– Как ты себя чувствуешь, Бандитка?
Его вопрос повисает в комнате на секунду дольше, чем нужно. Я не вполне понимаю, как вести себя с ним после всего, что было.
– Это нормально, что Пробуждение причиняет такую боль? – спрашиваю я. – Во всех книжках, которые я до этого прочитала, говорилось о том, что оно ощущается скорее как какой-то всплеск или прилив, а я совершенно точно испытывала нечто другое.
– Об этом особо не говорят. Думаю, для того чтобы не пугать молодых кастеров тем, через что им, возможно, придется пройти, а возможно, и нет, но такое бывает. Чем больше в тебе пробуждается магии, тем болезненнее это может ощущаться. – Эврин потирает шею, покрытую татуировками. – Никто толком не знает, почему с одними такое случается, а с другими – нет.
Пока он отвечает, Айдин подходит чуть ближе к моей кровати, и я вдруг осознаю, что хочу, чтобы между нами все стало как раньше.
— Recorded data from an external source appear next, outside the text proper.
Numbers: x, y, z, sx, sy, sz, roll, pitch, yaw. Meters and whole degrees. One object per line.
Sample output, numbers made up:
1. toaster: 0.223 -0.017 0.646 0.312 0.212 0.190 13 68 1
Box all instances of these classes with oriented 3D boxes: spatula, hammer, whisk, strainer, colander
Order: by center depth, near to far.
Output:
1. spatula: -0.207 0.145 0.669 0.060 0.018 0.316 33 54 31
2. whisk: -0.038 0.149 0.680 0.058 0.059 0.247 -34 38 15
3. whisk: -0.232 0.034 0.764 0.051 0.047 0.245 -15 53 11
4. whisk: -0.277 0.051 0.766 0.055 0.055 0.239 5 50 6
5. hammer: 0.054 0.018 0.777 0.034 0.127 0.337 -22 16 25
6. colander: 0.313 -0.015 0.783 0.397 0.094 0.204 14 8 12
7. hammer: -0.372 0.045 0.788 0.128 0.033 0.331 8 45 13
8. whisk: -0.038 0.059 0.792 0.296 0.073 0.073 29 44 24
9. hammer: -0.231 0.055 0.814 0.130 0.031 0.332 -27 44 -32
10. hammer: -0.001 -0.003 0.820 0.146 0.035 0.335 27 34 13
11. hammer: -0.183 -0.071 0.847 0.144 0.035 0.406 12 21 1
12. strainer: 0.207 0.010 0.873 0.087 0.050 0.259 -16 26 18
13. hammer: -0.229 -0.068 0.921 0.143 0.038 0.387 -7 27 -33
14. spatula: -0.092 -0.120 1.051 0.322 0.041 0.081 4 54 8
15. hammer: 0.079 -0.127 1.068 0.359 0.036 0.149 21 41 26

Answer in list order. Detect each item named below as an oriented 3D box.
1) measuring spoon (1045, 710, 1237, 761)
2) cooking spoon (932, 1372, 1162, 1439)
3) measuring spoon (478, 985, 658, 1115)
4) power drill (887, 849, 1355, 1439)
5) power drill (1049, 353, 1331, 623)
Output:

Меня бесит, что он не смог просто довериться мне и увидеть такую меня, какая я есть на самом деле, а не ужасающую и опасную версию меня, в которую верит Лахлан, но также меня бесит и то, что теперь присутствие Айдина кажется мне скорее неловким вторжением, а не легкой дружбой, как прежде.
Мы с минуту пристально смотрим друг на друга, и все это время в моем горле кипят вопросы, которые я уже устала просто проглатывать.
– Почему, Айдин? – мягко спрашиваю я. – Ты же должен был знать меня лучше каждого из них. Ты просил довериться тебе, но зачем просить то, чего не готов дать взамен?
Айдин беспомощно смотрит на меня, потирая руками лицо, а затем безвольно вытягивая их вдоль тела.
– Бандитка, мне кажется, все, что я сейчас скажу, будет граничить с оправданиями.
– Ты должен хотя бы попытаться помочь мне понять. Потому что, если ты этого не сделаешь, я всю оставшуюся жизнь буду думать о том, что то, как ты со мной общался прежде, было ложью, какой-то уловкой. Я не хочу так о тебе думать. Но выбраться из ямы боли и недоверия самостоятельно не смогу.
Глаза Айдина по-прежнему прикованы ко мне, но я чувствую неожиданную отстраненность. Как будто он сейчас стоит передо мной, а мысли его где-то совсем в другом месте. Он опускается на край кровати, словно груз на его плечах вдруг стал слишком тяжелым, чтобы и дальше нести его. Ребята почти одновременно обхватывают меня, чтобы в буквальном смысле поддержать, когда я услышу признание.
Айдин смотрит на Эврина, и тот кивает.
– Чуть больше десяти лет назад мы пытались выследить ламий. Они очаровывали людей и вытягивали из них деньги, и нам было поручено уничтожить их. Когда нам наконец-то удалось найти их гнездо, начались первые странности. Внутри оказалось восемь ламий, поэтому они особо не сопротивлялись, но когда Лахлан собрался убить одного из них, этот ламия вдруг узнал его и стал расспрашивать, как он здесь оказался. Сначала мы подумали, что это какой-то бред. Мы повсюду искали Вона и остальных, но нигде не нашли. Думаю, большинство из нас к тому моменту смирились с тем, что они убиты. Поэтому, когда ламия пустился в свои хаотичные расспросы о том, как Лахлан оказался в гнезде, никто из нас не вспомнил про Вона. Но когда он произнес имя Адриэля, все стало ясно: ламия принял Лахлана за Вона. Это был первый клочок информации, который мог дать нам хотя бы намек на то, что случилось с Воном, Иден, Лансом и их партнерами.
Айдин кивает в сторону близнецов, и я понимаю, что Иден и Ланс – имена их родителей.
– Мы потратили на этого ламию почти месяц, но он был как Джокер и суперзлодей Загадочник в одном лице: все, что он говорил, не имело смысла. Он то и дело кричал о том, что они украдут нашу магию, но мы не обращали на это внимания, считая пустой угрозой. Впрочем, ближе к концу он начал рассказывать о том, что Вона уничтожил какой-то
Айдин качает головой и смотрит на свои большие руки, после чего вновь обращает ко мне полный мольбы взгляд.